Overweight could conceivably have a protective effect regarding mortality, since underweight and normal weight raise mortality in patients with heart disease, diabetes, renal dialysis, wasting disease, or older age, said Dr. Steven B. Heymsfield and Dr. William T. Cefalu.

"Even in the absence of chronic disease, small excess amounts of adipose tissue may provide needed energy reserves during acute catabolic illnesses, have beneficial mechanical effects with some types of traumatic injuries, and convey other salutary effects that need to be investigated in light of the studies by Flegal et al. and others," they noted.

Dr. Heymsfield and Dr. Cefalu are at Pennington Biomedical Research Center, Baton Rouge, La. Dr Heymsfield reported ties to EISIA Inc., Merck, and Tanita Medical Co. Dr Cefalu reported ties to Halozyme, Lexicon, Intarcia, AstraZeneca, Sanofi, Johnson & Johnson, Bristol-Myers Squibb, GlaxoSmithKline, Mannkind, Merck, Lilly, and Amylin. These remarks were taken from their editorial accompanying Dr. Flegal’s report (JAMA 2013;309:87-8).


 

FROM JAMA

Higher grades of obesity were associated with greater all-cause mortality than was normal weight, but low-grade obesity and overweight were linked to lower mortality in a meta-analysis of 97 clinical studies reported in the Jan. 2 issue of JAMA.

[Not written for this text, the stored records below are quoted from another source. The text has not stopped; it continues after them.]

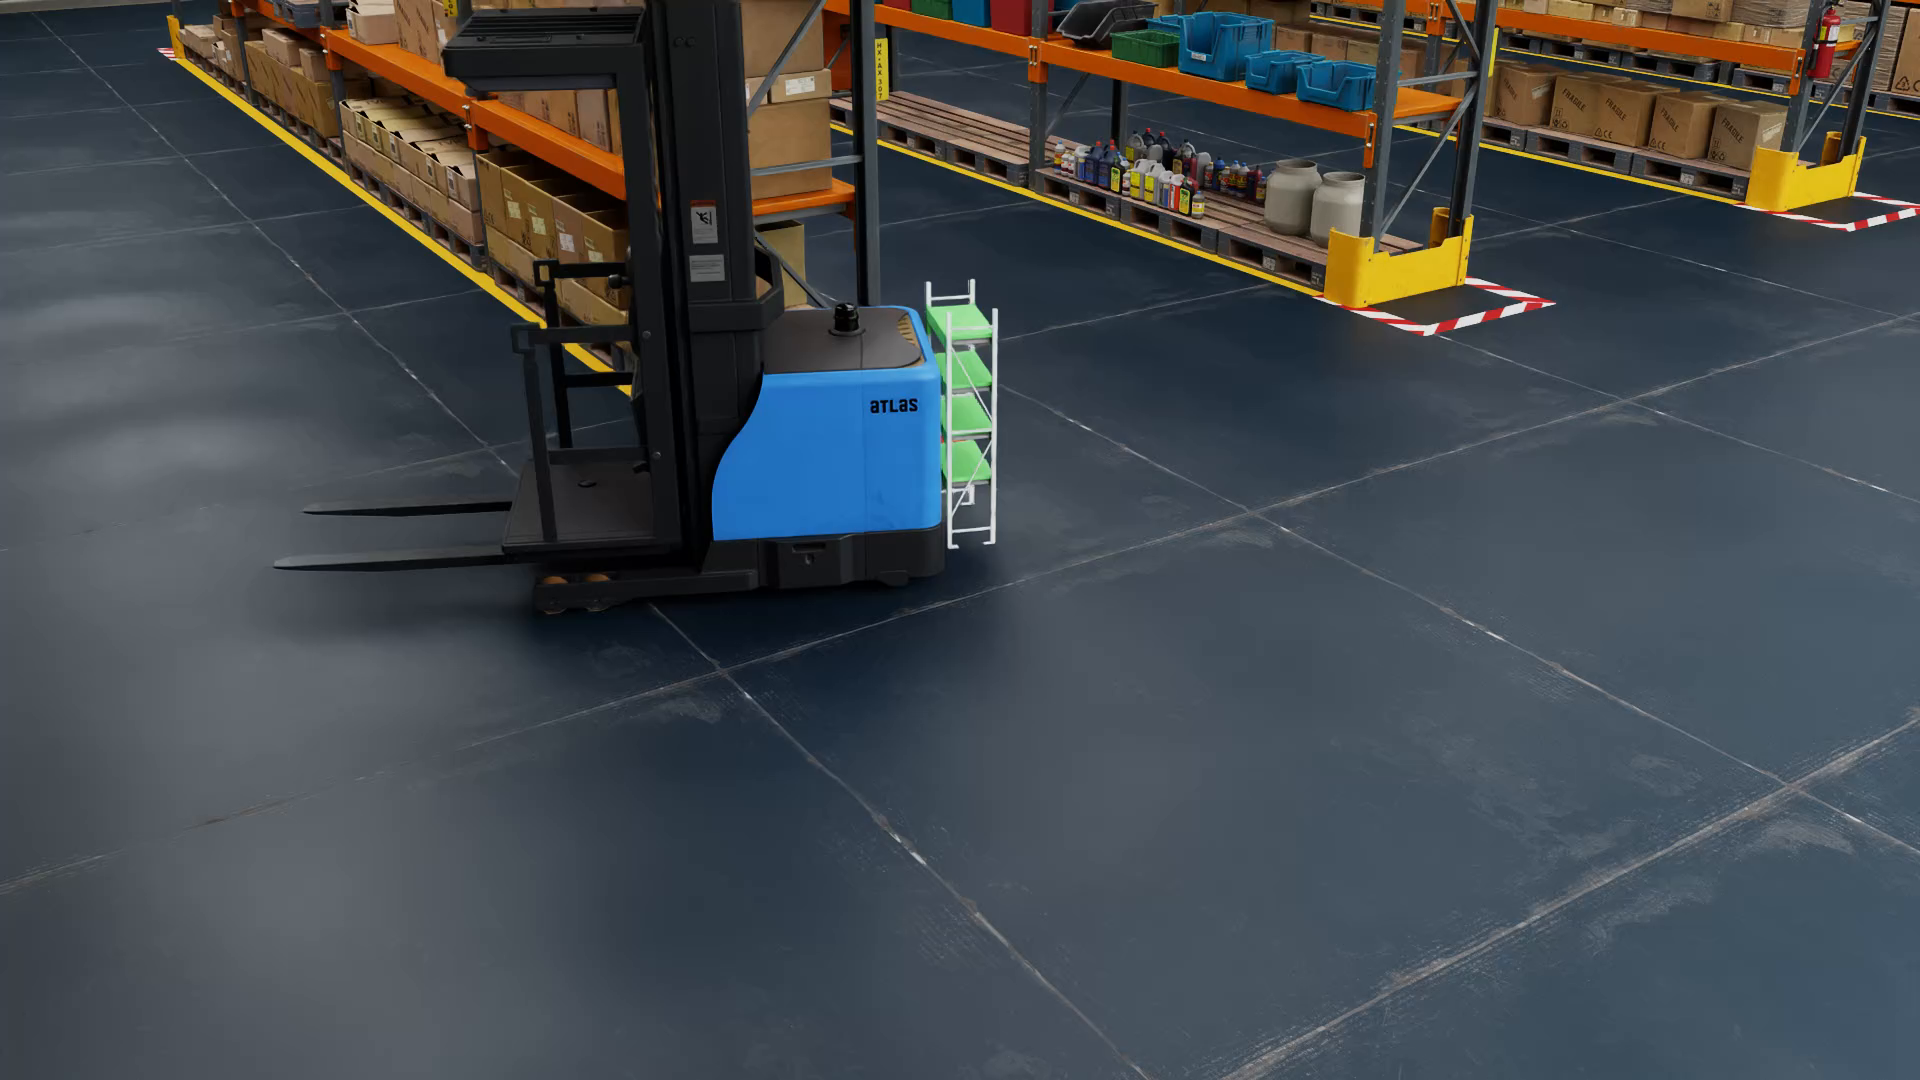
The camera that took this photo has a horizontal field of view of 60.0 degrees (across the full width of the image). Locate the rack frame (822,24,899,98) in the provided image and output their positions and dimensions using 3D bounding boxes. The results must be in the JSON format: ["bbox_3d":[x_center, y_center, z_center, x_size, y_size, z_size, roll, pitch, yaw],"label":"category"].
[{"bbox_3d":[-1.119,-6.020,17.489,1.000,3.000,0.127,-16,29,-30],"label":"rack frame"}]

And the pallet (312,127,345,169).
[{"bbox_3d":[-5.647,-3.882,16.226,1.003,0.211,1.213,-16,29,-30],"label":"pallet"}]

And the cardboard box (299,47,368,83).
[{"bbox_3d":[-6.013,-4.574,15.960,0.500,0.250,0.500,-14,29,-28],"label":"cardboard box"}]

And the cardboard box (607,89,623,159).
[{"bbox_3d":[-1.705,-2.587,10.098,0.700,0.500,0.500,-15,29,-29],"label":"cardboard box"}]

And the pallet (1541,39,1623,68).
[{"bbox_3d":[8.270,-6.298,21.343,1.003,0.211,1.213,-16,29,-30],"label":"pallet"}]

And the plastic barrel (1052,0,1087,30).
[{"bbox_3d":[1.107,-5.025,14.794,0.600,0.901,0.708,-16,29,-30],"label":"plastic barrel"}]

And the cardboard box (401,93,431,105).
[{"bbox_3d":[-4.779,-3.937,15.149,0.500,0.311,0.500,-15,29,-28],"label":"cardboard box"}]

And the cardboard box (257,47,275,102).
[{"bbox_3d":[-7.095,-4.949,17.631,0.500,0.500,0.500,-15,29,-29],"label":"cardboard box"}]

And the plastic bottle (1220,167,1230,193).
[{"bbox_3d":[2.223,-3.007,13.869,0.097,0.201,0.097,0,25,0],"label":"plastic bottle"}]

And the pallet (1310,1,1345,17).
[{"bbox_3d":[5.484,-8.186,25.343,1.003,0.211,1.213,-16,29,-30],"label":"pallet"}]

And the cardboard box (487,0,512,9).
[{"bbox_3d":[-2.840,-3.911,11.385,0.700,0.500,0.500,-15,29,-29],"label":"cardboard box"}]

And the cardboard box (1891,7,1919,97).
[{"bbox_3d":[10.701,-5.203,17.755,0.875,0.875,0.875,-16,30,-30],"label":"cardboard box"}]

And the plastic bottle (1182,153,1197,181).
[{"bbox_3d":[1.935,-3.129,14.030,0.061,0.283,0.133,-16,29,-30],"label":"plastic bottle"}]

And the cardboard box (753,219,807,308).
[{"bbox_3d":[-1.285,-1.713,10.216,0.500,0.500,0.500,-16,29,-30],"label":"cardboard box"}]

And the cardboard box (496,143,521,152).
[{"bbox_3d":[-3.374,-3.023,13.211,0.500,0.311,0.500,-16,30,-30],"label":"cardboard box"}]

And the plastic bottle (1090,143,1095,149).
[{"bbox_3d":[1.159,-3.260,14.308,0.061,0.283,0.133,-16,29,-30],"label":"plastic bottle"}]

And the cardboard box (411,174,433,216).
[{"bbox_3d":[-4.112,-2.828,13.456,0.500,0.250,0.500,-15,29,-28],"label":"cardboard box"}]

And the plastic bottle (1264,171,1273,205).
[{"bbox_3d":[2.519,-2.845,13.444,0.097,0.271,0.097,0,25,0],"label":"plastic bottle"}]

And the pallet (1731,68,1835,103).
[{"bbox_3d":[9.775,-5.312,19.256,1.003,0.211,1.213,-16,29,-30],"label":"pallet"}]

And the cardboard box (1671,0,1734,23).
[{"bbox_3d":[6.747,-4.847,14.538,0.875,0.500,0.500,-16,29,-30],"label":"cardboard box"}]

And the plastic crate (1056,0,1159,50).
[{"bbox_3d":[1.243,-4.345,14.012,0.767,0.338,0.504,-16,29,-30],"label":"plastic crate"}]

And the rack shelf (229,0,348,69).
[{"bbox_3d":[-6.363,-5.257,16.715,1.077,0.370,4.000,-16,29,-30],"label":"rack shelf"}]

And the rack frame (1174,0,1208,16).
[{"bbox_3d":[3.030,-7.174,19.934,1.000,3.000,0.127,-16,29,-30],"label":"rack frame"}]

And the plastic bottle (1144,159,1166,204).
[{"bbox_3d":[1.594,-2.919,13.507,0.144,0.351,0.185,-14,29,-27],"label":"plastic bottle"}]

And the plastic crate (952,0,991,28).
[{"bbox_3d":[0.201,-4.904,15.144,0.392,0.384,0.575,-16,29,-30],"label":"plastic crate"}]

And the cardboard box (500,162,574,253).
[{"bbox_3d":[-2.818,-2.306,11.472,0.500,0.500,0.500,-16,29,-30],"label":"cardboard box"}]

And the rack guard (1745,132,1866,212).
[{"bbox_3d":[7.356,-3.210,14.464,1.175,0.500,0.348,-16,29,-30],"label":"rack guard"}]

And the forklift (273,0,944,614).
[{"bbox_3d":[-1.632,-1.230,7.423,3.031,2.935,1.130,-3,25,-7],"label":"forklift"}]

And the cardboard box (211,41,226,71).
[{"bbox_3d":[-8.413,-5.687,19.417,0.500,0.311,0.500,-16,29,-30],"label":"cardboard box"}]

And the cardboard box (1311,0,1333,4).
[{"bbox_3d":[5.529,-8.270,24.690,0.500,0.500,0.500,-14,29,-27],"label":"cardboard box"}]

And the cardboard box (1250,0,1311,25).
[{"bbox_3d":[3.719,-6.162,19.324,0.500,0.250,0.500,-12,28,-24],"label":"cardboard box"}]

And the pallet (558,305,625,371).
[{"bbox_3d":[-2.019,-1.445,11.063,1.003,0.211,1.213,-16,29,-30],"label":"pallet"}]

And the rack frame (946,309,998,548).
[{"bbox_3d":[0.055,-0.518,7.941,0.240,1.200,0.015,-5,26,-11],"label":"rack frame"}]

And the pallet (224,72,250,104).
[{"bbox_3d":[-7.829,-5.283,19.193,1.003,0.211,1.213,-16,29,-30],"label":"pallet"}]

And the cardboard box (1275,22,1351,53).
[{"bbox_3d":[4.042,-5.611,19.036,0.700,0.500,0.500,-13,28,-25],"label":"cardboard box"}]

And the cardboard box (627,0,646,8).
[{"bbox_3d":[-1.469,-3.013,9.483,0.700,0.500,0.500,-16,30,-31],"label":"cardboard box"}]

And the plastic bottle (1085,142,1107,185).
[{"bbox_3d":[1.157,-3.205,14.113,0.144,0.351,0.185,-15,29,-28],"label":"plastic bottle"}]

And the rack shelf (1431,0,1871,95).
[{"bbox_3d":[6.306,-4.703,15.542,1.077,0.370,4.000,-16,29,-30],"label":"rack shelf"}]

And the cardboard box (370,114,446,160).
[{"bbox_3d":[-4.661,-3.443,14.101,0.500,0.311,0.500,-16,30,-31],"label":"cardboard box"}]

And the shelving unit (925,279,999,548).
[{"bbox_3d":[0.004,-0.619,8.157,0.258,1.200,0.503,-5,26,-11],"label":"shelving unit"}]

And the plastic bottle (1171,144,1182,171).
[{"bbox_3d":[1.886,-3.280,14.350,0.061,0.283,0.133,-13,28,-26],"label":"plastic bottle"}]

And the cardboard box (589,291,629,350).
[{"bbox_3d":[-2.002,-1.430,10.494,0.500,0.250,0.500,-16,29,-30],"label":"cardboard box"}]

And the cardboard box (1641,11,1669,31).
[{"bbox_3d":[6.373,-4.697,14.979,0.380,0.149,0.250,-16,29,-30],"label":"cardboard box"}]

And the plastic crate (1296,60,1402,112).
[{"bbox_3d":[2.724,-3.201,11.691,0.499,0.251,0.616,-16,29,-30],"label":"plastic crate"}]

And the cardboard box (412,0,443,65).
[{"bbox_3d":[-4.055,-4.128,13.363,0.500,0.500,0.500,-15,29,-29],"label":"cardboard box"}]

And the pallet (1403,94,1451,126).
[{"bbox_3d":[4.788,-4.761,18.088,1.003,0.211,1.213,-16,29,-30],"label":"pallet"}]

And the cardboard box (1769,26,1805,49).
[{"bbox_3d":[7.069,-4.253,14.040,0.380,0.149,0.250,-16,29,-30],"label":"cardboard box"}]

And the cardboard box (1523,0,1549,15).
[{"bbox_3d":[5.611,-5.122,15.880,0.380,0.149,0.250,-16,29,-30],"label":"cardboard box"}]

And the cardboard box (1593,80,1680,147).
[{"bbox_3d":[6.390,-4.034,15.718,0.500,0.500,0.500,-13,28,-25],"label":"cardboard box"}]

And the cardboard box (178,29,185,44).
[{"bbox_3d":[-9.698,-6.409,21.136,0.380,0.149,0.250,-16,29,-30],"label":"cardboard box"}]

These findings, from a systematic review that included nearly 3 million study subjects on five continents, are "broadly consistent" with those of several previous studies and two previous meta-analyses: Excess mortality occurs only at the highest levels of obesity, while mortality is lower among overweight and slightly obese individuals than among people of normal weight, said Katherine M. Flegal, Ph.D., of the National Center for Health Statistics, Hyattsville, Md., and her associates.

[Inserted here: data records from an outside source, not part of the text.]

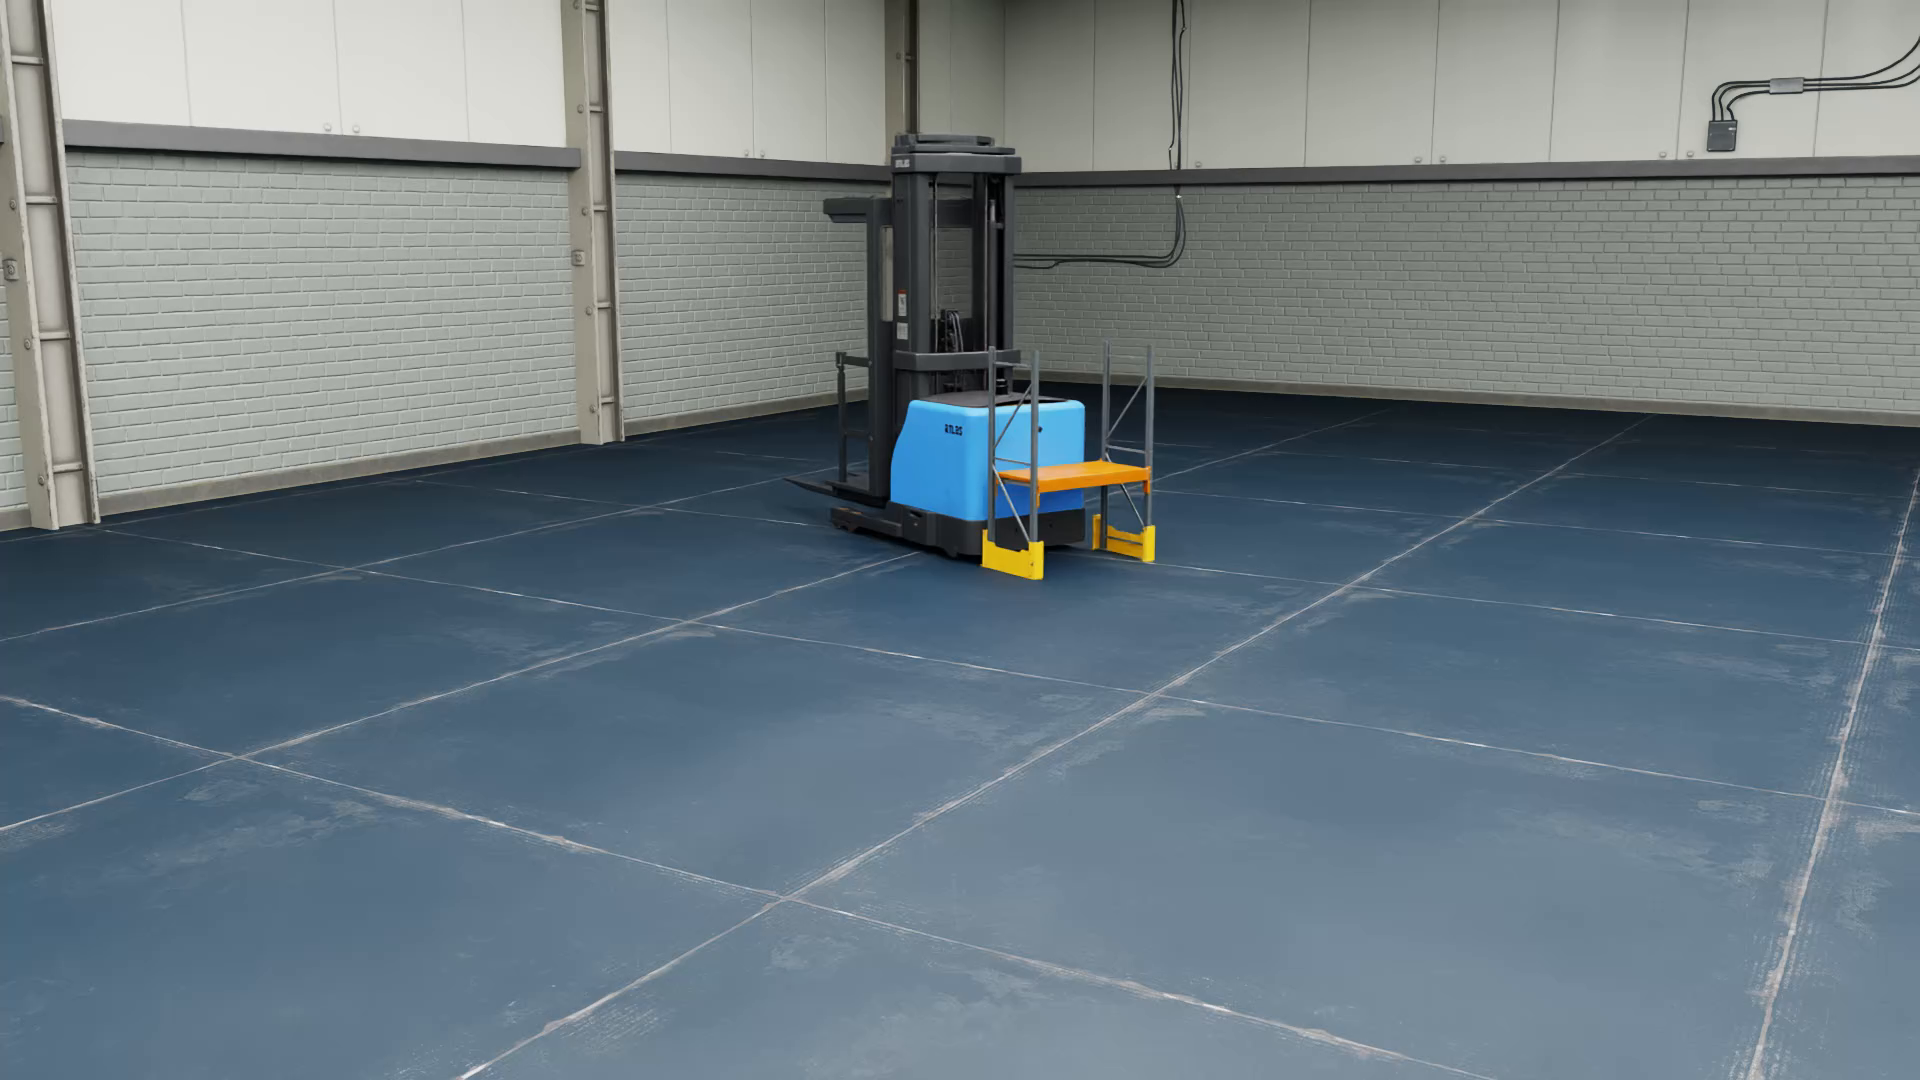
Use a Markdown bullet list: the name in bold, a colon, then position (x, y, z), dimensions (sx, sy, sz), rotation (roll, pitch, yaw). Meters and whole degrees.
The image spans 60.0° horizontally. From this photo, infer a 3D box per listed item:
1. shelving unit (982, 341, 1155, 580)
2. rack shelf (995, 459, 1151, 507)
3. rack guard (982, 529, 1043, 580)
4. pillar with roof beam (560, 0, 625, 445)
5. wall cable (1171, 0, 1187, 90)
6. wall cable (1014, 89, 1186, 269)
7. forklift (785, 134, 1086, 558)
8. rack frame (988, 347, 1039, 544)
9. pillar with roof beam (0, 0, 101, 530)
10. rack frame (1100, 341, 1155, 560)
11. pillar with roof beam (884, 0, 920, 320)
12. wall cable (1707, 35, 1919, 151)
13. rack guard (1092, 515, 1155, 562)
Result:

The investigators reviewed the literature and included in their meta-analysis all prospective, observational cohort studies that reported all-cause mortality in adults whose body mass index was measured using standard categories. A BMI of less than 18.5 was underweight, that of 18.5 to less than 25 was normal weight, a BMI of 25 to less than 30 was overweight, that of 30 to less than 35 was grade 1 obesity, a BMI of 35 to less than 40 was grade 2 obesity, and a BMI of 40 or greater was grade 3 obesity.

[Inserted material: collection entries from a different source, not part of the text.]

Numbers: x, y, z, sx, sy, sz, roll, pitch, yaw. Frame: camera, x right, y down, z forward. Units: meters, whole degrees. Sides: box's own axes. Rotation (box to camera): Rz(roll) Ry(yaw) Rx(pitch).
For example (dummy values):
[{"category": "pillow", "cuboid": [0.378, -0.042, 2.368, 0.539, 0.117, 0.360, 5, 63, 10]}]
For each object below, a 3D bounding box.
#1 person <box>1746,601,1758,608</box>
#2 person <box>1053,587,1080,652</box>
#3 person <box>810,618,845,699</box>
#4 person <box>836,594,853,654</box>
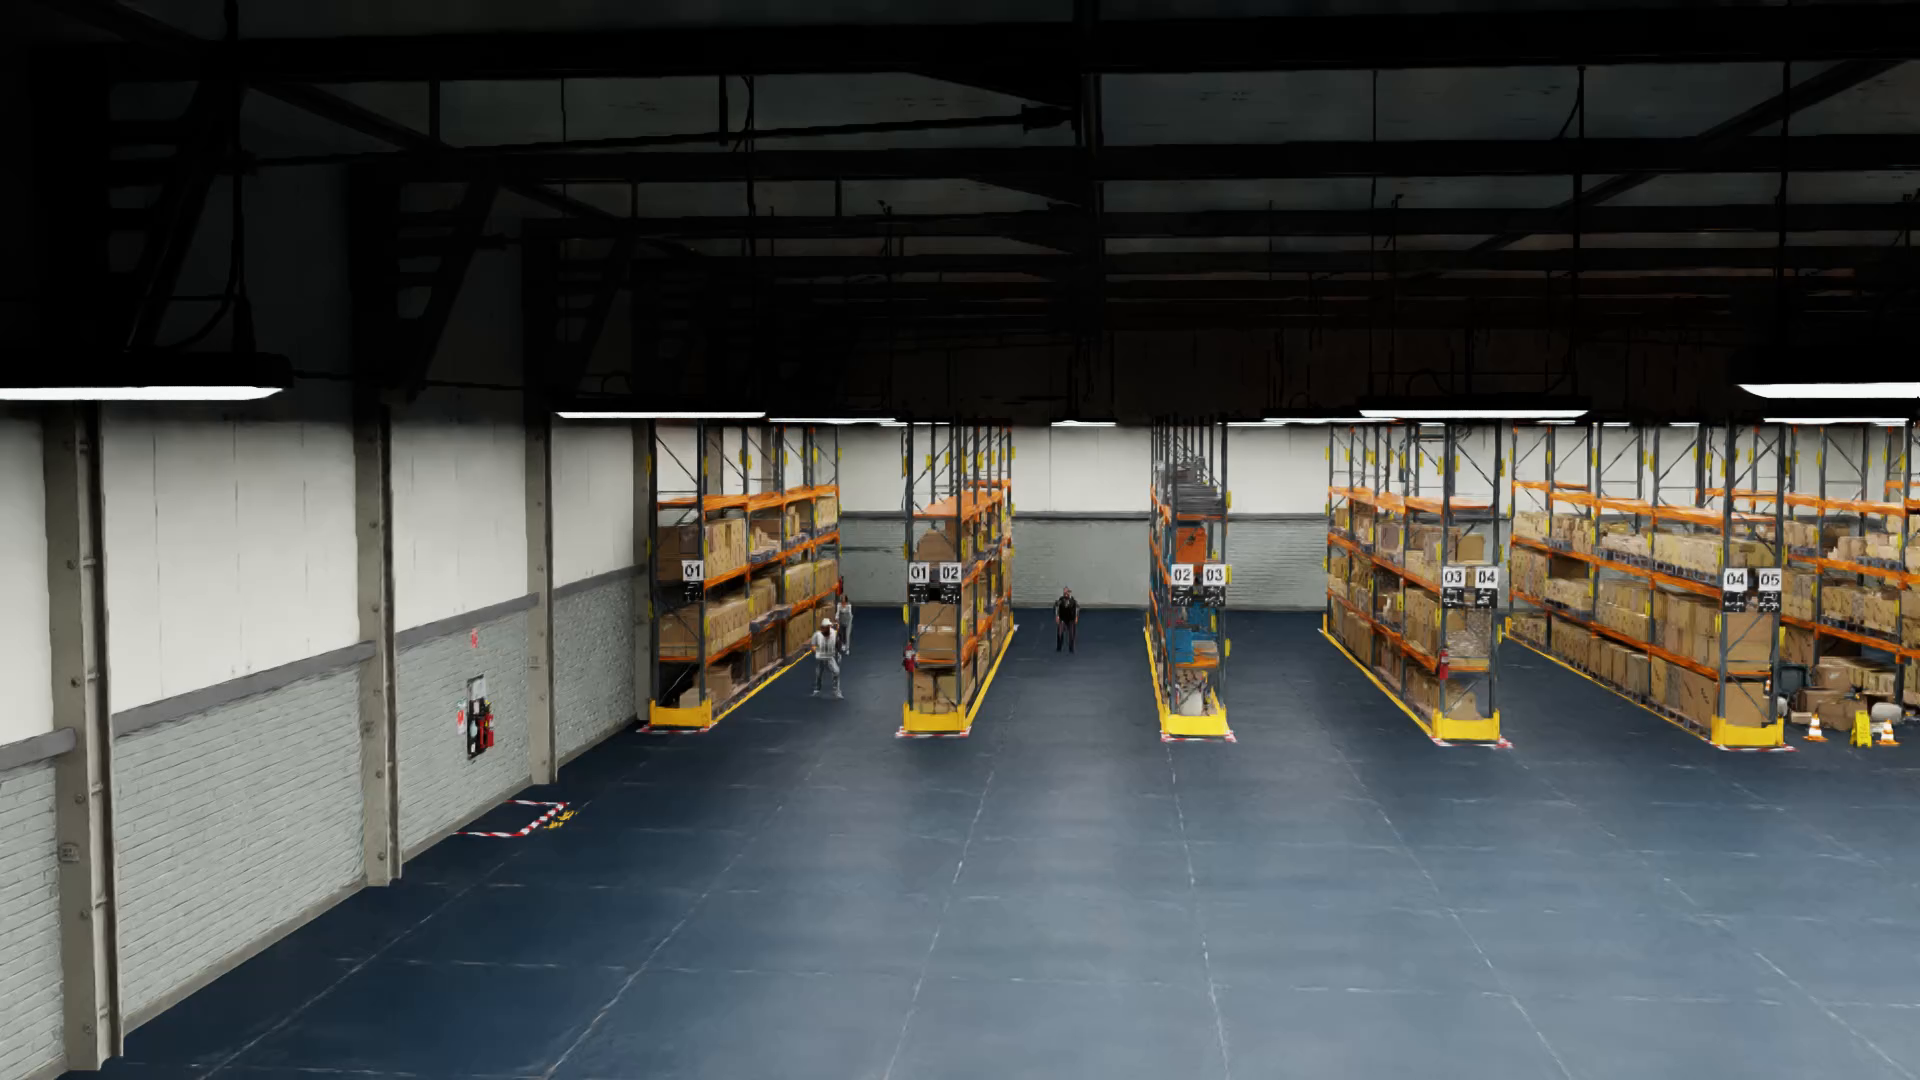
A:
[{"category": "person", "cuboid": [18.501, 2.254, 38.972, 0.549, 1.663, 0.585, 2, 4, 27]}, {"category": "person", "cuboid": [2.731, 2.031, 42.564, 0.677, 1.674, 0.534, 0, 4, 3]}, {"category": "person", "cuboid": [-2.836, 2.490, 35.174, 0.701, 1.718, 0.849, -1, 4, -11]}, {"category": "person", "cuboid": [-2.945, 2.107, 42.219, 0.418, 1.514, 1.039, 0, 4, 3]}]

The researchers included 41 studies from the United States or Canada, 37 from Europe, 7 from Australia, 4 from China or Taiwan, 2 from Japan, 2 from Israel, 2 from Brazil, 1 from India, and 1 from Mexico. Overall there were 2.8 million subjects and 270,000 deaths during follow-up.

Overweight and grade 1 obesity were associated with significantly lower mortality than was normal weight, with hazard ratios of 0.94 and 0.95, respectively. In contrast, grade 1 and grade 2 obesity were associated with significantly higher mortality than was normal weight, with an HR of 1.29, Dr. Flegal and her colleagues said (JAMA 2013;309:71-82).

These findings remained robust in several sensitivity analyses.

The reasons why overweight and slight obesity might be protective are still unknown. Some have proposed that slightly heavy patients might present for medical care earlier than normal weight and severely obese patients when symptoms arise, and they also may be more likely to receive optimal medical treatment because caregivers recognize that their weight confers risk. It also is possible that slightly increased body fat may exert cardioprotective metabolic effects and provide better metabolic reserves when illness occurs, the investigators said.

Their meta-analysis also demonstrated that studies relying on patients’ self-report of weight and height are subject to important bias, because these measures are not accurately reported across all categories of age, sex, and race.

No financial conflicts of interest were reported.